───── DATA EXTRACTS
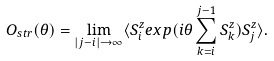<formula> <loc_0><loc_0><loc_500><loc_500>O _ { s t r } ( \theta ) = \lim _ { | j - i | \rightarrow \infty } \langle S ^ { z } _ { i } e x p ( i \theta \sum _ { k = i } ^ { j - 1 } S _ { k } ^ { z } ) S _ { j } ^ { z } \rangle .</formula> 
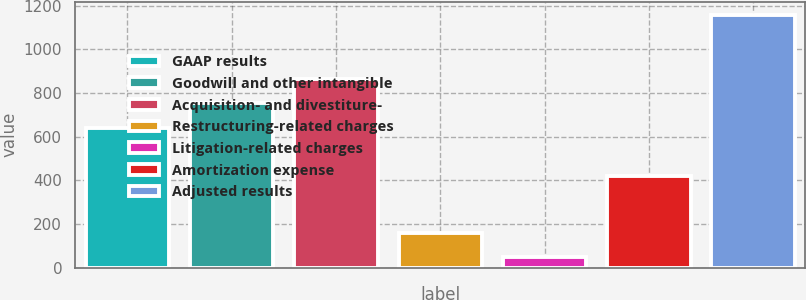Convert chart to OTSL. <chart><loc_0><loc_0><loc_500><loc_500><bar_chart><fcel>GAAP results<fcel>Goodwill and other intangible<fcel>Acquisition- and divestiture-<fcel>Restructuring-related charges<fcel>Litigation-related charges<fcel>Amortization expense<fcel>Adjusted results<nl><fcel>642<fcel>753.2<fcel>864.4<fcel>159.2<fcel>48<fcel>421<fcel>1160<nl></chart> 
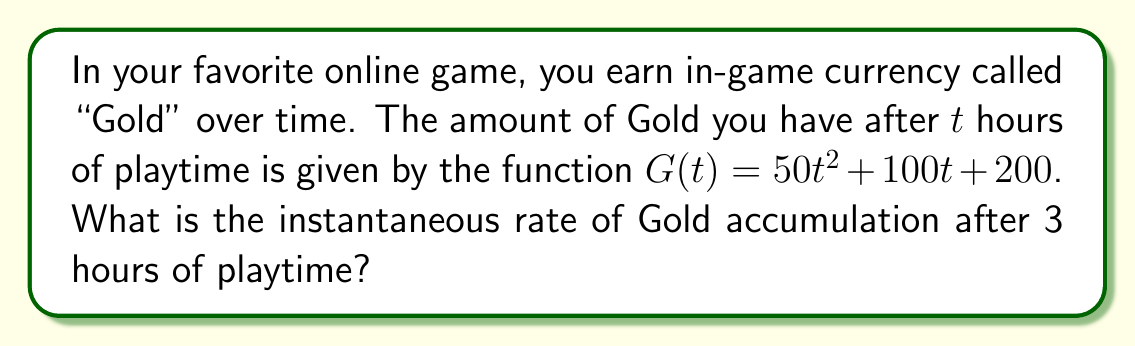Teach me how to tackle this problem. To find the instantaneous rate of Gold accumulation, we need to calculate the derivative of the function $G(t)$ and then evaluate it at $t = 3$. Here's how we do it:

1. The given function is $G(t) = 50t^2 + 100t + 200$

2. To find the derivative, we use the power rule and constant rule:
   $G'(t) = 100t + 100$

3. This derivative $G'(t)$ represents the instantaneous rate of change of Gold with respect to time.

4. To find the rate at 3 hours, we substitute $t = 3$ into $G'(t)$:
   $G'(3) = 100(3) + 100 = 300 + 100 = 400$

Therefore, after 3 hours of playtime, you are accumulating Gold at a rate of 400 Gold per hour.
Answer: 400 Gold per hour
──────────
§ **WORK TO COMPLETE**
With the images omitted, output all entries exactly as given.

§ **WRITTEN RESPONSE**
<formula> <loc_0><loc_0><loc_500><loc_500>O _ { s t r } ( \theta ) = \lim _ { | j - i | \rightarrow \infty } \langle S ^ { z } _ { i } e x p ( i \theta \sum _ { k = i } ^ { j - 1 } S _ { k } ^ { z } ) S _ { j } ^ { z } \rangle .</formula> 
Convert chart to OTSL. <chart><loc_0><loc_0><loc_500><loc_500><bar_chart><fcel>GAAP results<fcel>Goodwill and other intangible<fcel>Acquisition- and divestiture-<fcel>Restructuring-related charges<fcel>Litigation-related charges<fcel>Amortization expense<fcel>Adjusted results<nl><fcel>642<fcel>753.2<fcel>864.4<fcel>159.2<fcel>48<fcel>421<fcel>1160<nl></chart> 
Teach me how to tackle this problem. To find the instantaneous rate of Gold accumulation, we need to calculate the derivative of the function $G(t)$ and then evaluate it at $t = 3$. Here's how we do it:

1. The given function is $G(t) = 50t^2 + 100t + 200$

2. To find the derivative, we use the power rule and constant rule:
   $G'(t) = 100t + 100$

3. This derivative $G'(t)$ represents the instantaneous rate of change of Gold with respect to time.

4. To find the rate at 3 hours, we substitute $t = 3$ into $G'(t)$:
   $G'(3) = 100(3) + 100 = 300 + 100 = 400$

Therefore, after 3 hours of playtime, you are accumulating Gold at a rate of 400 Gold per hour.
Answer: 400 Gold per hour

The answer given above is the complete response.